You needed a way to have agents remember state, user preferences, and context, so your users didn't have to restart or start over every time for every new conversation with an agent. You needed a secure, scalable, and controllable way for agents to use the web via a web browser. You needed to give your agents an environment where they could run code, allowing them to more efficiently process data and work with data-intensive tools without driving up token costs. And you needed to do all of this cost-effectively with great scalability, with high availability, and taking advantage of AWS's world-class infrastructure.

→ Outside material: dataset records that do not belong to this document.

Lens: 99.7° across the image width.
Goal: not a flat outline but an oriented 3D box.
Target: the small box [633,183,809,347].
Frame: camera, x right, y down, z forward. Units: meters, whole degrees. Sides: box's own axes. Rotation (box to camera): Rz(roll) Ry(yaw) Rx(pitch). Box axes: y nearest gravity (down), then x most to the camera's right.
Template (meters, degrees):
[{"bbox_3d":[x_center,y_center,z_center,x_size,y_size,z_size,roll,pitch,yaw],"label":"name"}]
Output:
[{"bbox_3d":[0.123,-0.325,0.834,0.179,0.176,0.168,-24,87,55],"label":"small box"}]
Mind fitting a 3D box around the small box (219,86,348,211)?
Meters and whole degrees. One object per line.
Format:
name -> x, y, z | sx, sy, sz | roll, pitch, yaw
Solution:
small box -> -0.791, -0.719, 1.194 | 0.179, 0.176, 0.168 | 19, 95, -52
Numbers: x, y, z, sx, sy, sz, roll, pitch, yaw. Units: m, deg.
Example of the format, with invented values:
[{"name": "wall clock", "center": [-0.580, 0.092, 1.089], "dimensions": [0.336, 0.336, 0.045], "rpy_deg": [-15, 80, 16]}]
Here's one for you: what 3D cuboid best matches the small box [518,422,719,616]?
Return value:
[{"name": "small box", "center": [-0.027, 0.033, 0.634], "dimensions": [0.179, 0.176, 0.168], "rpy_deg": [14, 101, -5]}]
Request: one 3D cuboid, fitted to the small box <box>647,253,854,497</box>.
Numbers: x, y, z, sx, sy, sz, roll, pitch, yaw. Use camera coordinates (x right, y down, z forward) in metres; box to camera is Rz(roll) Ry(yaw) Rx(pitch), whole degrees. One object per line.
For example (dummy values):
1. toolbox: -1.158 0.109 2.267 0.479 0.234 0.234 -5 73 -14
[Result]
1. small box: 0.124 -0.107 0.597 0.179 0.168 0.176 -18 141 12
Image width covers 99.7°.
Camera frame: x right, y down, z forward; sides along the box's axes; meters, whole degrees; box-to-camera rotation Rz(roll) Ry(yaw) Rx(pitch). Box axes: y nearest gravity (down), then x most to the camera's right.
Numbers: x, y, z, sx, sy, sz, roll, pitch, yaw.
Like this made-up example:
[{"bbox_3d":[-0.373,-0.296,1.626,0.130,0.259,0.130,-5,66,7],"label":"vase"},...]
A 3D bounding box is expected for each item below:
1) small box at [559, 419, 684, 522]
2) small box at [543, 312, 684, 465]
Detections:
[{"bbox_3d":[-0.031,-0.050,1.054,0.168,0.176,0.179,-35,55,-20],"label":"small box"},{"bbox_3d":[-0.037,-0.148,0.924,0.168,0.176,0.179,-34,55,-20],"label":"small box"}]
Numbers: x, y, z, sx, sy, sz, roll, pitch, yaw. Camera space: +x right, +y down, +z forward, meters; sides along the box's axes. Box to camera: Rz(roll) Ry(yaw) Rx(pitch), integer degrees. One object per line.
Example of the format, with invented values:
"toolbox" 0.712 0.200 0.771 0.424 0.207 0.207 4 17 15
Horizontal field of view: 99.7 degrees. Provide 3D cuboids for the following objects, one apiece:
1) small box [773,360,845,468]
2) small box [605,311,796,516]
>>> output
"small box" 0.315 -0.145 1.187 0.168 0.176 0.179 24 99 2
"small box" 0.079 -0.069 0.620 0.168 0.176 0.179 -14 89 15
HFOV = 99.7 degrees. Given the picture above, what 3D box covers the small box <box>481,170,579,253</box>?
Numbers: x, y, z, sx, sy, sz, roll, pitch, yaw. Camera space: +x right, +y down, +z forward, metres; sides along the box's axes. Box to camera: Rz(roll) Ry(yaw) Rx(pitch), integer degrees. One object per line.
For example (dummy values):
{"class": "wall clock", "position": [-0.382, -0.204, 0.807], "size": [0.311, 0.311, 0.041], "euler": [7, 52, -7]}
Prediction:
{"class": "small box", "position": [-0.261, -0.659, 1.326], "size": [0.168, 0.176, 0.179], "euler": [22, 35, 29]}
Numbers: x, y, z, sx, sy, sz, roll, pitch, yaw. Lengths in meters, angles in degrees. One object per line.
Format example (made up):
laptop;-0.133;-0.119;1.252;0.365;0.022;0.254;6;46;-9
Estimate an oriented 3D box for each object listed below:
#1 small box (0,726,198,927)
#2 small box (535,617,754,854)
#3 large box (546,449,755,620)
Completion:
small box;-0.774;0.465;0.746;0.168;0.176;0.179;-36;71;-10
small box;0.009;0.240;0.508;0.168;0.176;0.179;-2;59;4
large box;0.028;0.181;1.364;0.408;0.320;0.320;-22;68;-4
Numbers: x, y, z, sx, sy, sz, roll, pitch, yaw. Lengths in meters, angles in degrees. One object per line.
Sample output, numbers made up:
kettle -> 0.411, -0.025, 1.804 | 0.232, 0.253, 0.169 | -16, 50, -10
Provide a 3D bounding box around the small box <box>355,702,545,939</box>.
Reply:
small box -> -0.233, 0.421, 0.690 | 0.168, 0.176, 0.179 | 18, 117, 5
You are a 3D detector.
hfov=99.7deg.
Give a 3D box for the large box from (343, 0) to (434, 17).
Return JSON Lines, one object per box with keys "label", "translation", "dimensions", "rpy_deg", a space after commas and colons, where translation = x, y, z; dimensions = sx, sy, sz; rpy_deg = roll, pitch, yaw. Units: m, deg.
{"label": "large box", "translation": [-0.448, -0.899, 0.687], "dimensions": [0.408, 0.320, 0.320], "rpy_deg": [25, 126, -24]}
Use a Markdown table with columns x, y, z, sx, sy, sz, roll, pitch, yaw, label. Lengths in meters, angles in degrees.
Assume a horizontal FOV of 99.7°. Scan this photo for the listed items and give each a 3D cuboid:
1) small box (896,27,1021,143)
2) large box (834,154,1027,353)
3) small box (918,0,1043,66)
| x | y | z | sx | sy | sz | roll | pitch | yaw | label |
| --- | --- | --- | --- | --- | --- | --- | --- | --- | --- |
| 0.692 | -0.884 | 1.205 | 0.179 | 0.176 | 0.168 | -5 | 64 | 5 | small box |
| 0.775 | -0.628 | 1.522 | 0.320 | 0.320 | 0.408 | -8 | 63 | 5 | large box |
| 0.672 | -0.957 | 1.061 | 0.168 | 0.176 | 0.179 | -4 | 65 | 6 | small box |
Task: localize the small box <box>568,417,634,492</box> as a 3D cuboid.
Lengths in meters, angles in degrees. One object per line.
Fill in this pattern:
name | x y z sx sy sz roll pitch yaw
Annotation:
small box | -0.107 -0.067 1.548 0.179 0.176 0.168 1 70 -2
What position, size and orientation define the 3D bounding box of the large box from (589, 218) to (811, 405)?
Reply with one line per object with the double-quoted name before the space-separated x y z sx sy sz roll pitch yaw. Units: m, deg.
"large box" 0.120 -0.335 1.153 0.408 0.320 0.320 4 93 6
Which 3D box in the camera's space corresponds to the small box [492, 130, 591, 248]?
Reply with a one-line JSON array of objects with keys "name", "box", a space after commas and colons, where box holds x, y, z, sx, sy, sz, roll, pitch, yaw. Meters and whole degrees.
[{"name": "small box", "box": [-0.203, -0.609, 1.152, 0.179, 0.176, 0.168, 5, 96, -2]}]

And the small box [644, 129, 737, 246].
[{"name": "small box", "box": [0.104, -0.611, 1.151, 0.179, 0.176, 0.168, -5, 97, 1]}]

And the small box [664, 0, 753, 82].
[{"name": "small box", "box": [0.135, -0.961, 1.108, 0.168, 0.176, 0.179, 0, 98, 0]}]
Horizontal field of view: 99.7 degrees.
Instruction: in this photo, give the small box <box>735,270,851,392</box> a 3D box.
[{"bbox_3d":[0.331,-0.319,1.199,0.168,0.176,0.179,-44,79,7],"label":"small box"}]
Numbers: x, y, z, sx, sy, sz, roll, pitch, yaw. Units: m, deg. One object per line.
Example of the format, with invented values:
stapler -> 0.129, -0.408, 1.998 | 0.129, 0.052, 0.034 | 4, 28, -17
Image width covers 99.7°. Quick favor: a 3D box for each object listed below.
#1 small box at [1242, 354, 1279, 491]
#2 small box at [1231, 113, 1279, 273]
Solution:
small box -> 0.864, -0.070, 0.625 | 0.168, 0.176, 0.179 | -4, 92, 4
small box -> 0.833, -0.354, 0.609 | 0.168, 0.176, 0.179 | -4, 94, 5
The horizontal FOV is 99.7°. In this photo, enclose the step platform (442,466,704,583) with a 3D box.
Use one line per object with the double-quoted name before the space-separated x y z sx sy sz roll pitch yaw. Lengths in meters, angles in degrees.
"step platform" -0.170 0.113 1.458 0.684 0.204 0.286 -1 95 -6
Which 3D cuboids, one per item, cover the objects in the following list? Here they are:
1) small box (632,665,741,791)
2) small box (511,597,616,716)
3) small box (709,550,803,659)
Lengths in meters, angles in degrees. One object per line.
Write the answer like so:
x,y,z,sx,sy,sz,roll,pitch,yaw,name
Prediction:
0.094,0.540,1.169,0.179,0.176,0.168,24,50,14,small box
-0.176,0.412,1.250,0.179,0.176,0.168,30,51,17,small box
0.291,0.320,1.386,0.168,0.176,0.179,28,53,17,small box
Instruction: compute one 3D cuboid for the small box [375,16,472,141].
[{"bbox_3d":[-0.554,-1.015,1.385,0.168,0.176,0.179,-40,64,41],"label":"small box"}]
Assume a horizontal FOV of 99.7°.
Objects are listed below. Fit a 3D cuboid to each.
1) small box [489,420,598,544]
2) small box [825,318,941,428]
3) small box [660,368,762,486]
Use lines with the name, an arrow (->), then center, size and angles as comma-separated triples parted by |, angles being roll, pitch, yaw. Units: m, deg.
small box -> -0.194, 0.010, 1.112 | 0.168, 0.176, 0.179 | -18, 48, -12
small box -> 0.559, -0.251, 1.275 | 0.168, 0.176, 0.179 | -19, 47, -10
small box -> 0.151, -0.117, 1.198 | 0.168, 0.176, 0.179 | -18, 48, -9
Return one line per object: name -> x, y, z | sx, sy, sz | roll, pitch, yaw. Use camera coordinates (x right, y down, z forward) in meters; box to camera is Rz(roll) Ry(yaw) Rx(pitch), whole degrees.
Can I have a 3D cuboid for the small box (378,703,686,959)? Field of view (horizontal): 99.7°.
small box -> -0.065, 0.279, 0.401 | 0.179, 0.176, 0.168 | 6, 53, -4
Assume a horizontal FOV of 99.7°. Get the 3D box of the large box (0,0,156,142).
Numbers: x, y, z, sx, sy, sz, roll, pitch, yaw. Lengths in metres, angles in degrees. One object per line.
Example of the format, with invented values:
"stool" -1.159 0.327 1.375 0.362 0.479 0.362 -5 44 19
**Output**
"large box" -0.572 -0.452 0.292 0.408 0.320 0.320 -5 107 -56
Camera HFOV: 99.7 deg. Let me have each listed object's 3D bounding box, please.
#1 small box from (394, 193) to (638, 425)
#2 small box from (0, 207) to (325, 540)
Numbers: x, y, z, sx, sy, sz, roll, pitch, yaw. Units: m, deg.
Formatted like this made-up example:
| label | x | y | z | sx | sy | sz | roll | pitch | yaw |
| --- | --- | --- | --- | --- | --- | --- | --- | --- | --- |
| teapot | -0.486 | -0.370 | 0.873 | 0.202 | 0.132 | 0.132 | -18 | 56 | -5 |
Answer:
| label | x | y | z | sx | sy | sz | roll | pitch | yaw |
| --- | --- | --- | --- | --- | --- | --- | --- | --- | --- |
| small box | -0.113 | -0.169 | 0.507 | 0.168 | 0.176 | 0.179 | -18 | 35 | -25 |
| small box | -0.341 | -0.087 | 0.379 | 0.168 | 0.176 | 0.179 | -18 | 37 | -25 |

You needed all of this while keeping the ability to work with the models that you prefer and the tools that your teams already know. Some of you we spoke to needed an end-to-end solution with everything built in, and some needed a solution where you could pick and choose the components that worked for you, that fitted into your architecture, or worked with the agentic platform you had already started building.

So we built AgentCore, a set of tools and services that makes it easy to get agents into production and critically, to operate them once they're there. AgentCore is aimed at getting you faster to positive ROI on your agentic investments. Now, I'm going to show off a demo of the developer experience of AgentCore, adding a feature to a small agent that I built.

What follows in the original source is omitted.